Following the breakfast, five members of the clergy from local churches and temples briefly presented their personal message of Thanksgiving. Reverend Michael Bamberger of the Church of the Ascension spoke about two longtime members of the community, Olla and Rex Smith, and their service to the community, and in particular the Woman’s Club. He recalled seeing Rex carrying in the quiche the morning of the Prayer Breakfast when he first started attending, supporting his wife and the things she organized. “How do we live up to the legacy of these people who set for us these standards...we all are trying to live in to the legacy that we have been given, and the legacy is really what we are supposed to be the most thankful for. And the way that we can honor that legacy is by doing our part in our time, and so that’s really the challenge for each and every generation, is to live in the legacy of the Rex and Olla Smiths of this world.”
Pastor Philip Carlson of Bethany Church spoke of receiving a Christmas gift as a child that had touched him due to the generosity of the folks who had helped his parents to be able to give him the gift when his dad was out of work, and how he is friends to this day with that couple. Referencing Paul’s teachings to the Corinthians, Pastor Carlson stated that to this day he feels rich because of this couple’s generosity. “You know the grace of our Lord Jesus Christ, that though he was rich, yet for your sake he became poor, so that you, through his poverty, might become rich.”

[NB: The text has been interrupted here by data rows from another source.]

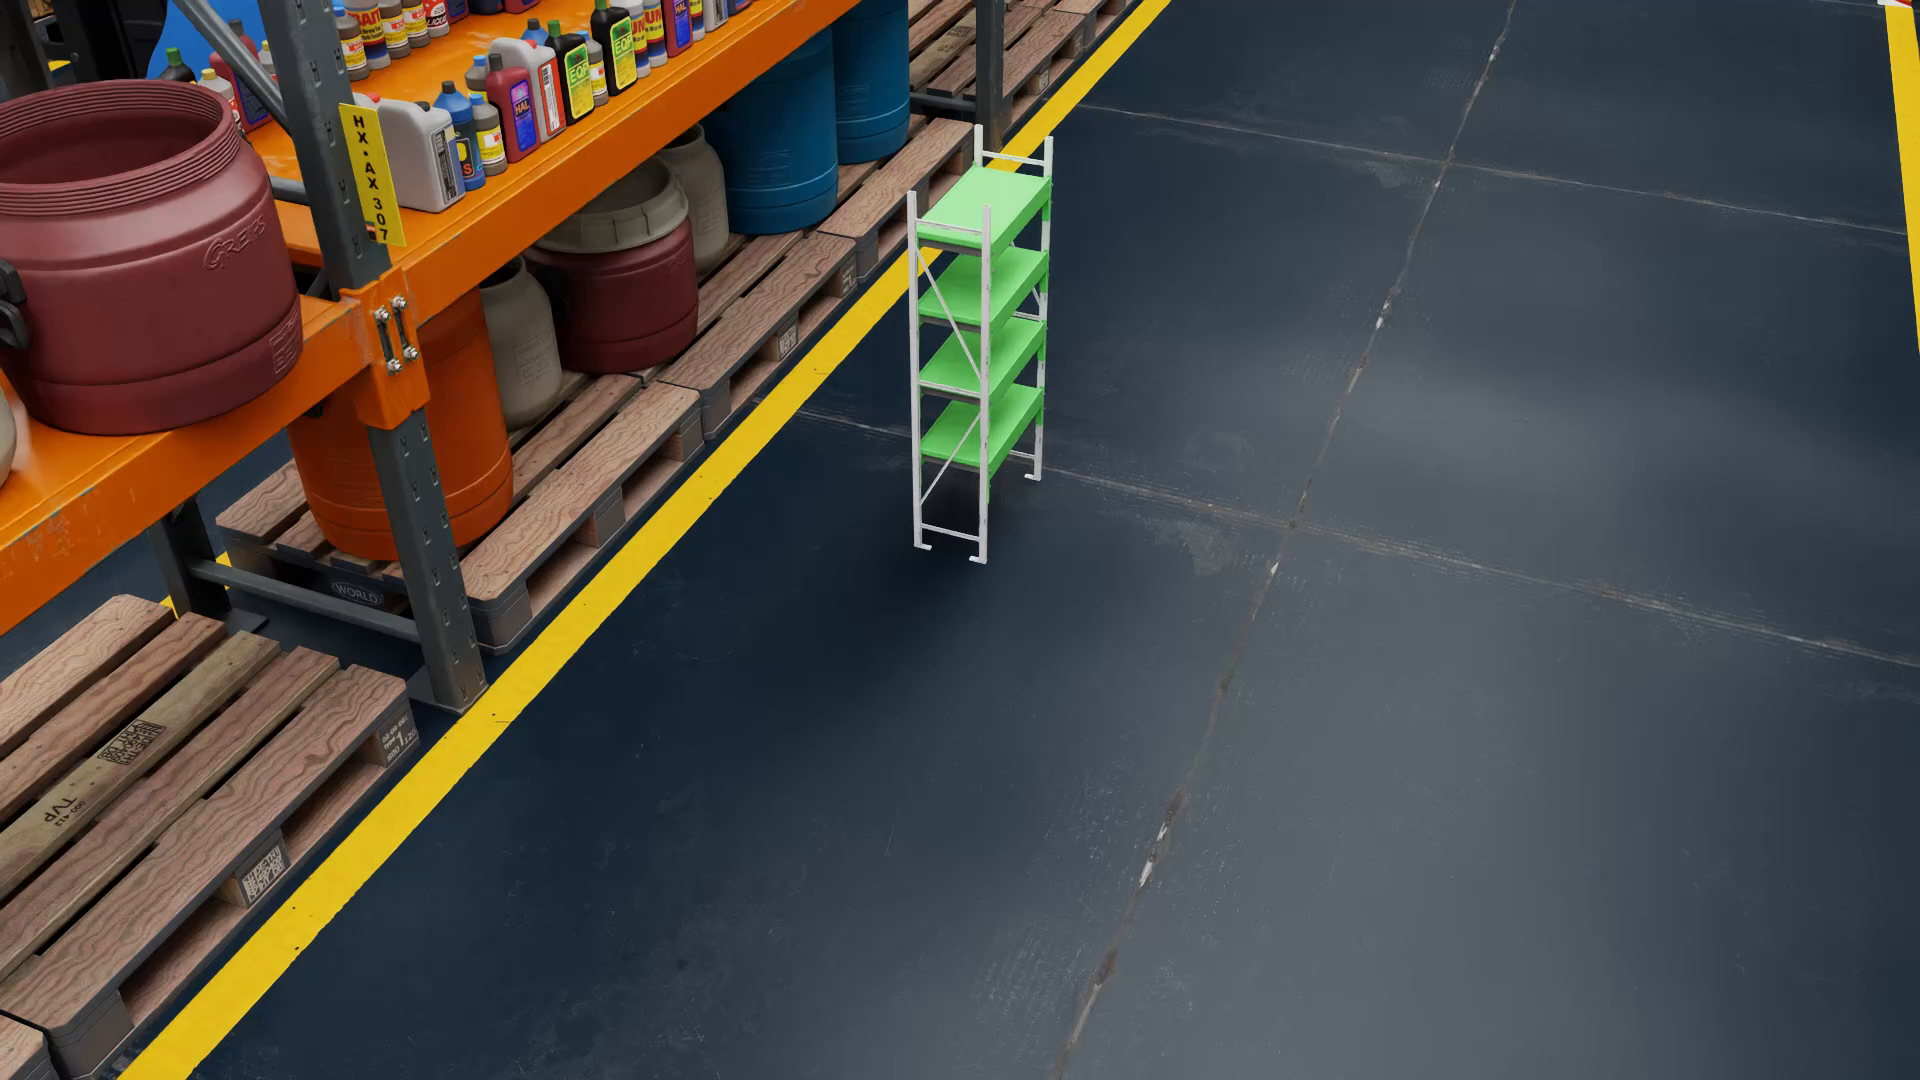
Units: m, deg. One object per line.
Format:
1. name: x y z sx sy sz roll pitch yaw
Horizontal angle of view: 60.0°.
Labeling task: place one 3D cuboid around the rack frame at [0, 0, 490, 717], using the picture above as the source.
1. rack frame: -1.813 -0.861 3.896 1.000 3.000 0.127 14 39 18

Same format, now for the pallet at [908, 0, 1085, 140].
1. pallet: -0.047 -2.375 8.251 1.003 0.211 1.213 14 39 18

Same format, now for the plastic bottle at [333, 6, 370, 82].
1. plastic bottle: -1.793 -1.452 4.853 0.097 0.201 0.097 0 37 0

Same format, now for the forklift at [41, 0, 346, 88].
1. forklift: -3.592 -2.813 6.565 3.031 2.935 1.130 7 37 9

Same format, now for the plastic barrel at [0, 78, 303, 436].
1. plastic barrel: -1.709 -0.589 3.420 0.600 0.536 0.708 14 39 18

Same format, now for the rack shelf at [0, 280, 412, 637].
1. rack shelf: -2.574 0.535 2.630 1.077 0.370 4.000 14 39 18

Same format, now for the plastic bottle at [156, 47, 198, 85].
1. plastic bottle: -2.053 -1.135 4.361 0.061 0.283 0.133 14 39 18

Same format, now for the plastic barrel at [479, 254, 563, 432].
1. plastic barrel: -1.510 -0.640 5.328 0.421 0.512 0.421 0 37 0

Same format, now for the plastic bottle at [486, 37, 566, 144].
1. plastic bottle: -1.173 -1.233 4.498 0.152 0.276 0.135 14 39 18

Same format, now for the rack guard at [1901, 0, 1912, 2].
1. rack guard: 5.821 -3.174 9.079 1.175 0.500 0.348 14 39 18

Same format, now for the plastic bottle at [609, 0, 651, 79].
1. plastic bottle: -0.965 -1.491 4.847 0.097 0.271 0.097 0 37 0

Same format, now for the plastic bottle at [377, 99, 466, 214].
1. plastic bottle: -1.349 -0.977 4.155 0.152 0.276 0.135 14 39 18

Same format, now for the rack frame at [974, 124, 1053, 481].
1. rack frame: 0.156 -0.707 5.194 0.240 1.200 0.015 14 39 18

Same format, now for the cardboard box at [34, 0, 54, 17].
1. cardboard box: -4.793 -3.042 8.535 0.500 0.500 0.500 14 39 17

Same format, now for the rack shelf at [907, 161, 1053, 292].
1. rack shelf: 0.063 -0.906 4.764 0.258 0.148 0.480 14 39 18

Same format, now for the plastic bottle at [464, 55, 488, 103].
1. plastic bottle: -1.295 -1.222 4.545 0.097 0.201 0.097 0 37 0

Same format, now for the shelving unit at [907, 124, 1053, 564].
1. shelving unit: 0.063 -0.572 5.013 0.258 1.200 0.503 14 39 18

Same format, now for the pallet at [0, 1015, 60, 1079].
1. pallet: -2.609 1.349 3.269 1.003 0.211 1.213 14 39 18

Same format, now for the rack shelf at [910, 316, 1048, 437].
1. rack shelf: 0.063 -0.521 5.052 0.258 0.148 0.480 14 39 18

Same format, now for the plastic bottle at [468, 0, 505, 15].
1. plastic bottle: -1.519 -1.874 5.293 0.144 0.351 0.185 14 39 18

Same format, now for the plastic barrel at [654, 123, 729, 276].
1. plastic barrel: -1.080 -1.266 6.165 0.421 0.512 0.421 0 37 0

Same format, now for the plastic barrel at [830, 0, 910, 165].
1. plastic barrel: -0.513 -2.106 6.964 0.600 0.901 0.708 14 39 18

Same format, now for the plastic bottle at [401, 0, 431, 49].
1. plastic bottle: -1.682 -1.613 5.069 0.097 0.201 0.097 0 37 0

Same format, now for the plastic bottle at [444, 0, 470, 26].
1. plastic bottle: -1.618 -1.768 5.208 0.061 0.283 0.133 14 39 18

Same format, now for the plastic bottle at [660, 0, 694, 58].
1. plastic bottle: -0.867 -1.609 4.995 0.061 0.283 0.133 14 39 18

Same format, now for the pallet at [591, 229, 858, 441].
1. pallet: -1.085 -0.863 6.228 1.003 0.211 1.213 14 39 18

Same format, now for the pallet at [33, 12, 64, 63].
1. pallet: -5.144 -2.630 8.592 1.003 0.211 1.213 14 39 18

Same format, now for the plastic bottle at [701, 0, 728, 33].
1. plastic bottle: -0.821 -1.745 5.183 0.152 0.276 0.135 14 39 18

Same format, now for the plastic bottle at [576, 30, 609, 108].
1. plastic bottle: -1.053 -1.335 4.697 0.097 0.201 0.097 0 37 0

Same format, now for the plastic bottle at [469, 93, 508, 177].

Rabbi Alan Lachtman of Temple Beth David mentioned that some of his congregants asked him what prayer should they pray at this time of year, and he said he responded “Don’t say the prayer, do thankful things, by helping other people. God doesn’t need the praises, God needs our service. Our service to God is really what’s important, by reaching out to those who need a helping hand, by giving them encouragement when they are brought down low, by helping with our shelters and our food banks and going the extra mile to help other people.”
Dr. Wayne Walters, of United Methodist Church wondered if the tough economic times and hardships that people are experiencing due to fires, etc. might not actually be good for us. “I think we really need a time of kind of realignment in terms of where we’ve been in terms of what’s important to us… I think we really have become so materialistic that we tend to think how could I be happy without the things that I want and a lot of us either by necessity or by choice are going to be re-examining that, and realizing it’s not the things in life that are important.” He noted that often times people who “lose everything” talk about how blessed they feel. “That’s why I pray that this season, it’s about Christ, it’s not just a time of celebration, but entering into others and their pain so that together, we can experience the kind of community that develops because of that.
And Pastor Paul Beck, who has recently taken over for longtime Sierra Madre Congregational Church Pastor Richard Anderson, gave the benediction, closing the breakfast with another message of gratitude: ”As you enter into this season of Thanksgiving, may you go out today in peace…be strong and courageous…and honor everyone, support the weak, strengthen the faint-hearted, help the sufferer, live a life of Thanksgiving, love God, and love one another, and may the grace of our God, be with you all.”
A fitting end to a thoughtful and thankful celebration of the season.